Our fundamental understanding of the mechanisms that underpin ENSO can be
attributed to several leading paradigms. These are: (1) the delayed action oscillator
theory (Suarez and Schopf 1988; Battisti and Hirst 1989); (2) the advective-reflective
oscillator theory (Picaut et al. 1997); (3) the western Pacific oscillator theory
(Weisberg and Wang 1997); (4) the recharge-discharge oscillator theory (Jin 1997);
and (5) the unified oscillator theory (Wang 2001). Rather than detailing the
differences between each of these theories, it is sufficient to point out the strong
connection between theories in terms of their collective requirement for coupling the
tropical upper ocean with the atmosphere as the important mechanism setting the
timing of ENSO climate variability.
Aside from Australia’s climate being strongly influenced by ENSO (while
acknowledging the important signals that exist regionally from other large-scale
climate modes, in particular the Indian Ocean Dipole and Southern Annular Mode), it
also varies on decadal and longer time scales (Power et al. 1999a,b; Timbal et al.
2006; CSIRO-BoM 2007). But ENSO itself varies on (inter-)decadal time scales, and
its impact on Australia appears to be modulated (e.g., Power et al. 1999a; Holbrook
2009). So what are the mechanisms behind the increased prevalence of El Niño events
following the 1976/77 climate shift? Is this simply multi-decadal ENSO variability –
e.g. a manifestation of the Interdecadal Pacific Oscillation? Is the extended 1990-95
El Niño ‘event’ a consequence of climate change (Trenberth and Hoar 1996, 1997)?
Has ENSO really changed in recent decades (Wang 1995; Power and Smith 2007)?

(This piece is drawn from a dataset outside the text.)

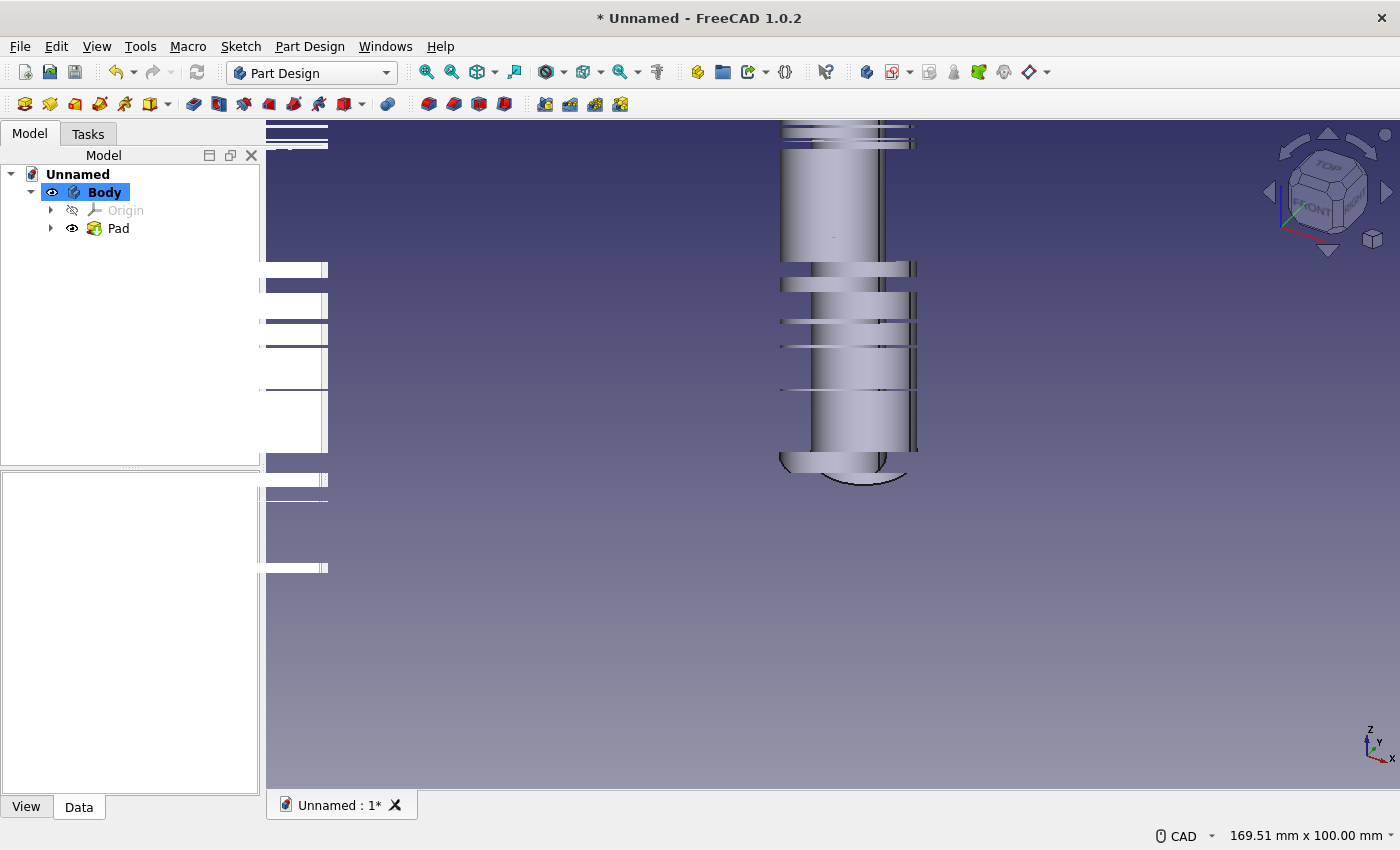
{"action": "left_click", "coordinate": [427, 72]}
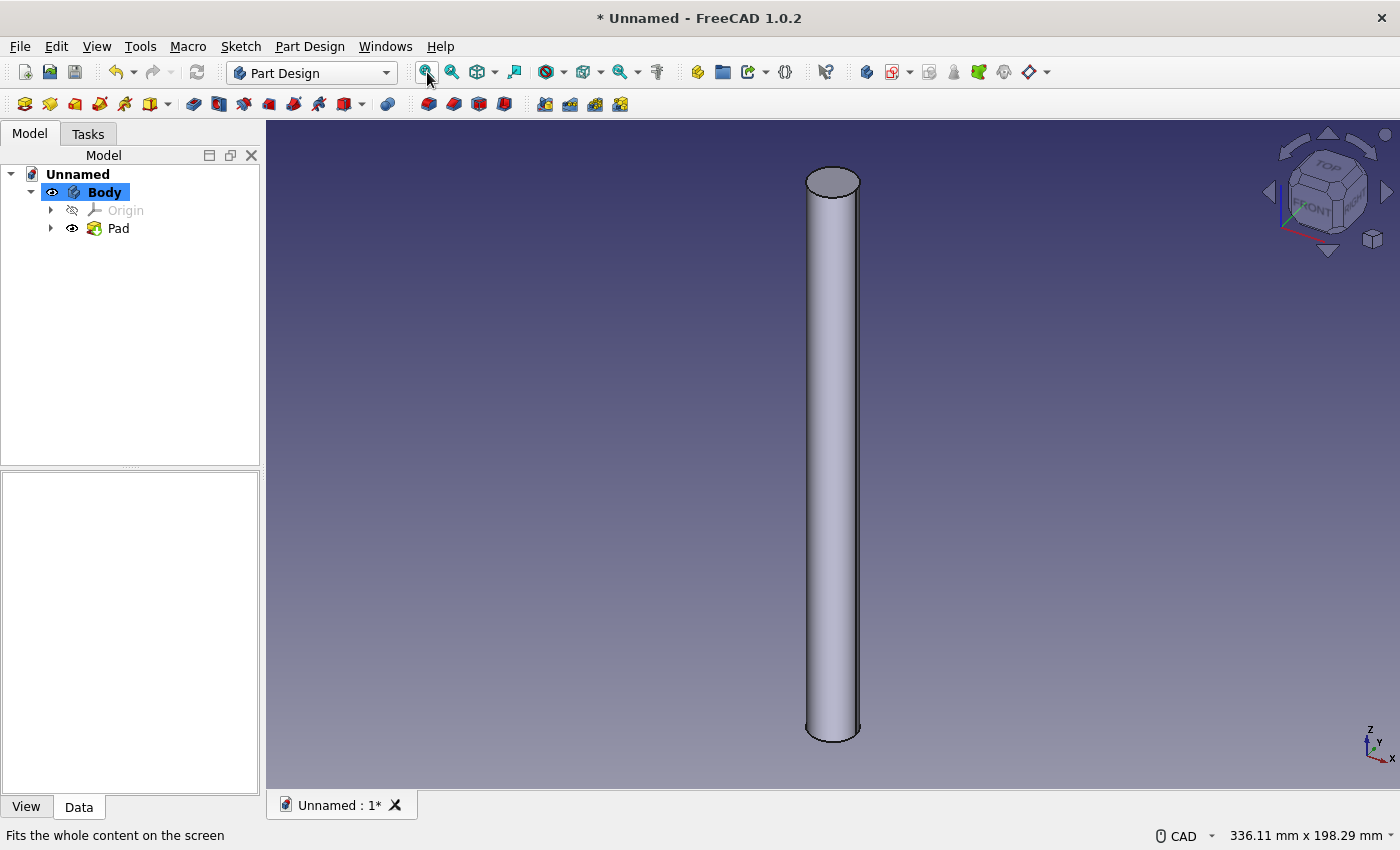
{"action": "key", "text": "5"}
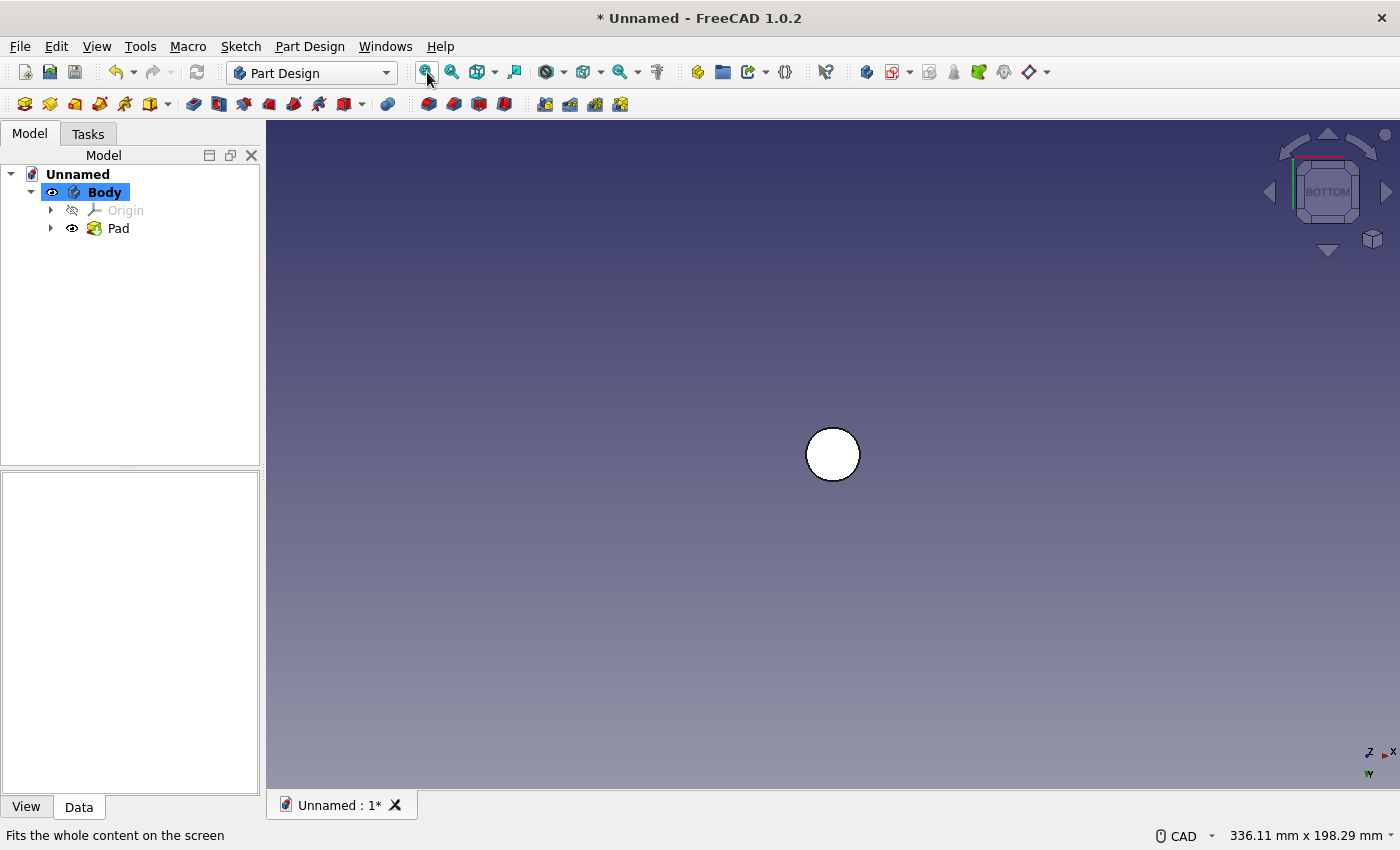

Assuming human-induced climate change has played a role in the overall bias in the
Southern Oscillation index towards more negative values over the past 30 years, by
shifting the Southern Oscillation index by 3 units, El Niño dominance disappears –
this interpretation is at least consistent with modelling results that show global
warming weakens the Walker Circulation and warms the tropical central-eastern
Pacific Ocean, but has little impact on ENSO-driven variability about the new mean
state (Meehl et al. 2007; Power and Smith 2007). While this is a plausible
explanation, the effect of climate change on ENSO variability remains very much an
open question.
This report aims to: (1) document the observed physical and biological evidence of
ENSO in the marine environment around Australia, focusing on Australia’s Exclusive
Economic Zone (EEZ), (2) assess the climate change projections of ENSO for
Australia’s marine environment, (3) provide a confidence assessment of these
observed and projected changes, (4) document knowledge gaps, and (5) suggest
adaptation responses based on projected climate changes.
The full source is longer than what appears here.